Wesley unwrapped the shoes. Margaret took them up and pinched the leather and stroked them.
"My, but they are fine!" she cried.
Wesley picked up one and slowly turned it in his big hands. He glanced at his foot and back to the shoe.
"It's a little bit of a thing, Margaret," he said softly. "Like as not I'll have to take it back. It seems as if it couldn't fit."
"It seems as if it didn't dare do anything else," said Margaret. "That's a happy little shoe to get the chance to carry as fine a girl as Elnora to high school. Now what's in the other box?"
Wesley looked at Margaret doubtfully.
"Why," he said, "you know there's going to be rainy days, and those things she has now ain't fit for anything but to drive up the cows----"
"Wesley, did you get high shoes, too?"
"Well, she ought to have them! The man said he would make them cheaper if I took both pairs at once."
Margaret laughed aloud. "Those will do her past Christmas," she exulted.
"What else did you buy?"
"Well sir," said Wesley, "I saw something to-day. You told me about Kate getting that tin pail for Elnora to carry to high school and you said you told her it was a shame. I guess Elnora was ashamed all right, for to-night she stopped at the old case Duncan gave her, and took out that pail, where it had been all day, and put a napkin inside it. Coming home she confessed she was half starved because she hid her dinner under a culvert, and a tramp took it. She hadn't had a bite to eat the whole day. But she never complained at all, she was pleased that she hadn't lost the napkin. So I just inquired around till I found this, and I think it's about the ticket."
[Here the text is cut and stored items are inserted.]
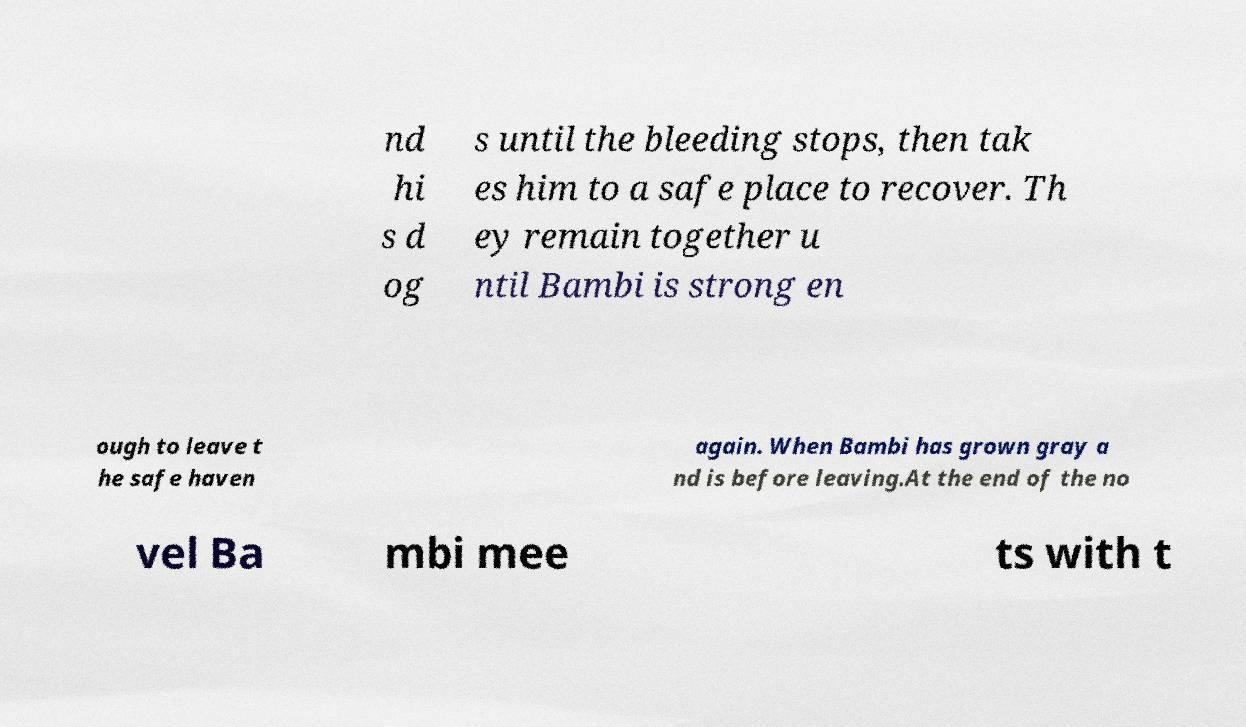I need the written content from this picture converted into text. Can you do that? nd hi s d og s until the bleeding stops, then tak es him to a safe place to recover. Th ey remain together u ntil Bambi is strong en ough to leave t he safe haven again. When Bambi has grown gray a nd is before leaving.At the end of the no vel Ba mbi mee ts with t 
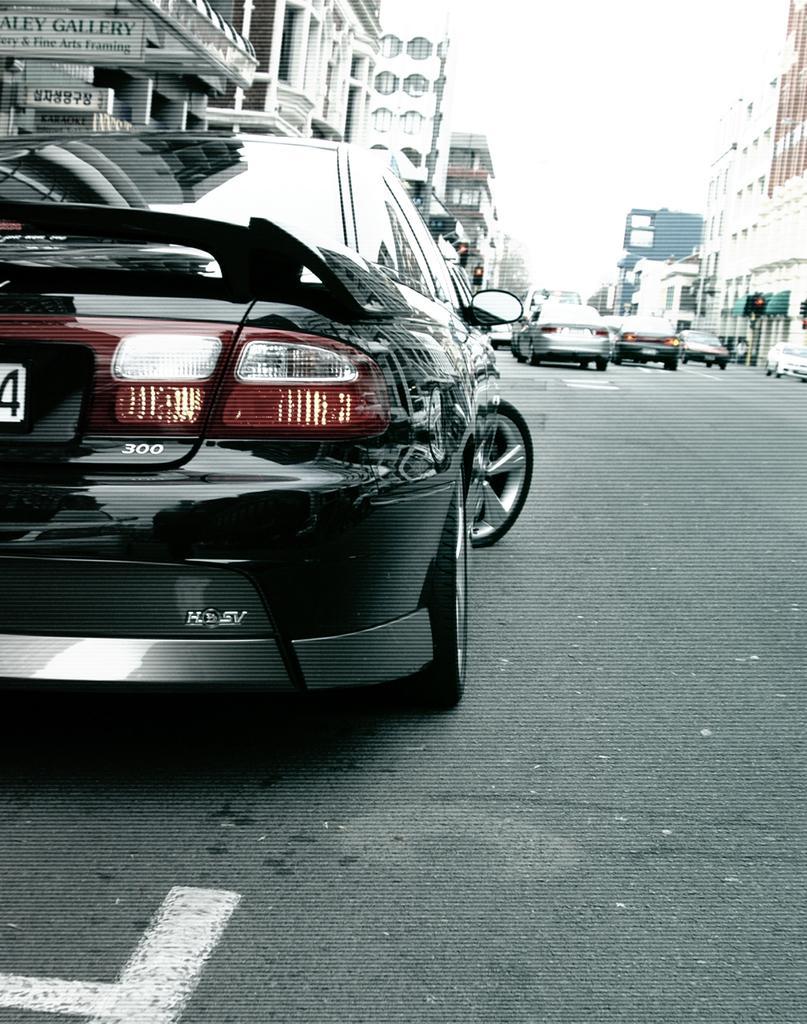How would you summarize this image in a sentence or two? There is a black color vehicle on the road. On both sides of this road, there are buildings. In the background, there is sky. 
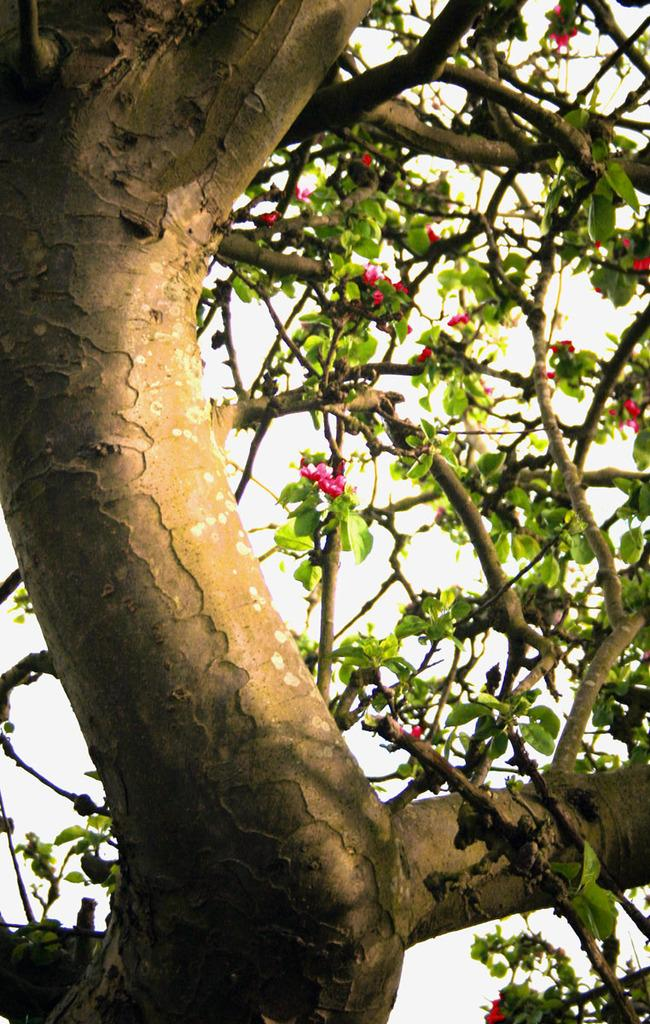What type of plant can be seen in the image? There is a tree in the image. Can you describe the tree's features? The tree has branches, leaves, and flowers. What is the color of the background in the image? The background of the image is white. Is there a spy observing the tree in the image? There is no indication of a spy or any person in the image; it only features a tree with branches, leaves, and flowers against a white background. 
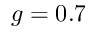Convert formula to latex. <formula><loc_0><loc_0><loc_500><loc_500>g = 0 . 7</formula> 
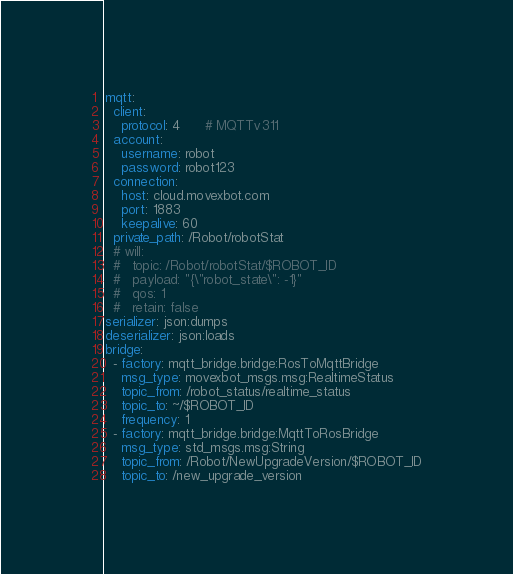<code> <loc_0><loc_0><loc_500><loc_500><_YAML_>mqtt:
  client:
    protocol: 4      # MQTTv311
  account:
    username: robot
    password: robot123
  connection:
    host: cloud.movexbot.com
    port: 1883
    keepalive: 60
  private_path: /Robot/robotStat
  # will:
  #   topic: /Robot/robotStat/$ROBOT_ID
  #   payload: "{\"robot_state\": -1}"
  #   qos: 1
  #   retain: false
serializer: json:dumps
deserializer: json:loads
bridge:
  - factory: mqtt_bridge.bridge:RosToMqttBridge
    msg_type: movexbot_msgs.msg:RealtimeStatus
    topic_from: /robot_status/realtime_status
    topic_to: ~/$ROBOT_ID
    frequency: 1
  - factory: mqtt_bridge.bridge:MqttToRosBridge
    msg_type: std_msgs.msg:String
    topic_from: /Robot/NewUpgradeVersion/$ROBOT_ID
    topic_to: /new_upgrade_version</code> 
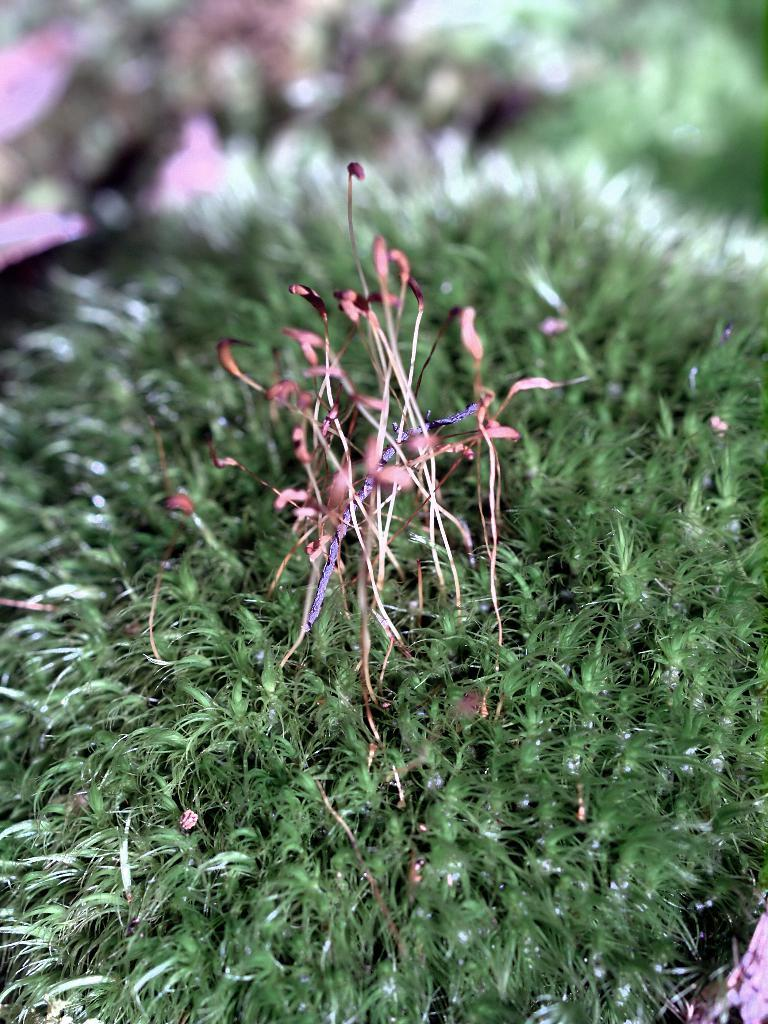What type of living organisms can be seen in the image? Plants can be seen in the image. What time of day is it in the image? The time of day cannot be determined from the image, as there is no information about lighting or shadows to suggest a specific time. 
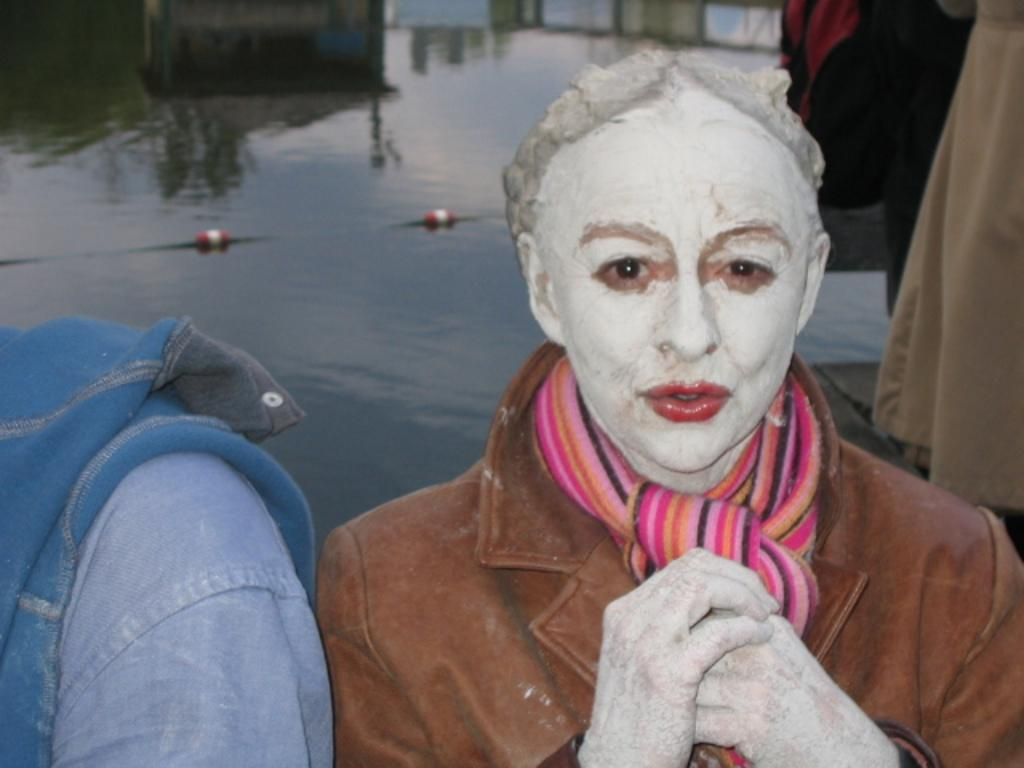What is present in the image that people wear? There are clothes in the image. Who or what is located at the bottom of the image? There is a person at the bottom of the image. What type of natural feature can be seen in the background of the image? There is a lake visible in the background of the image. What type of respect can be seen in the image? There is no indication of respect in the image, as it only features clothes, a person, and a lake. 
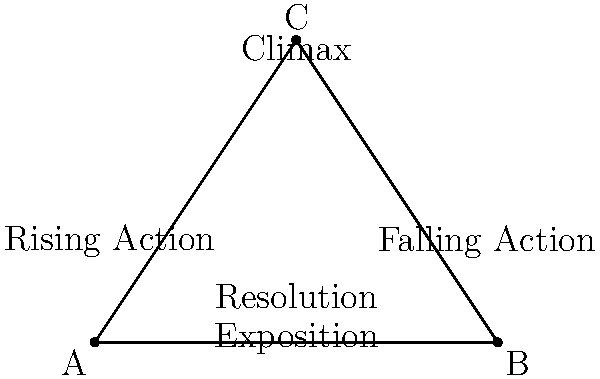In the pyramid diagram representing the classic five-act structure of a screenplay, which element is typically placed at the apex (point C) of the triangle? To answer this question, let's break down the elements of the classic five-act structure as represented in the pyramid diagram:

Wesley opened the package and laid a brown leather lunch box on the table. "Might be a couple of books, or drawing tools or most anything that's neat and genteel. You see, it opens this way."
It did open, and inside was a s.p.a.ce for sandwiches, a little porcelain box for cold meat or fried chicken, another for salad, a gla.s.s with a lid which screwed on, held by a ring in a corner, for custard or jelly, a flask for tea or milk, a beautiful little knife, fork, and spoon fastened in holders, and a place for a napkin.
Margaret was almost crying over it.
"How I'd love to fill it!" she exclaimed.
"Do it the first time, just to show Kate Comstock what love is!" said Wesley. "Get up early in the morning and make one of those dresses to-morrow. Can't you make a plain gingham dress in a day? I'll pick a chicken, and you fry it and fix a little custard for the cup, and do it up brown. Go on, Maggie, you do it!"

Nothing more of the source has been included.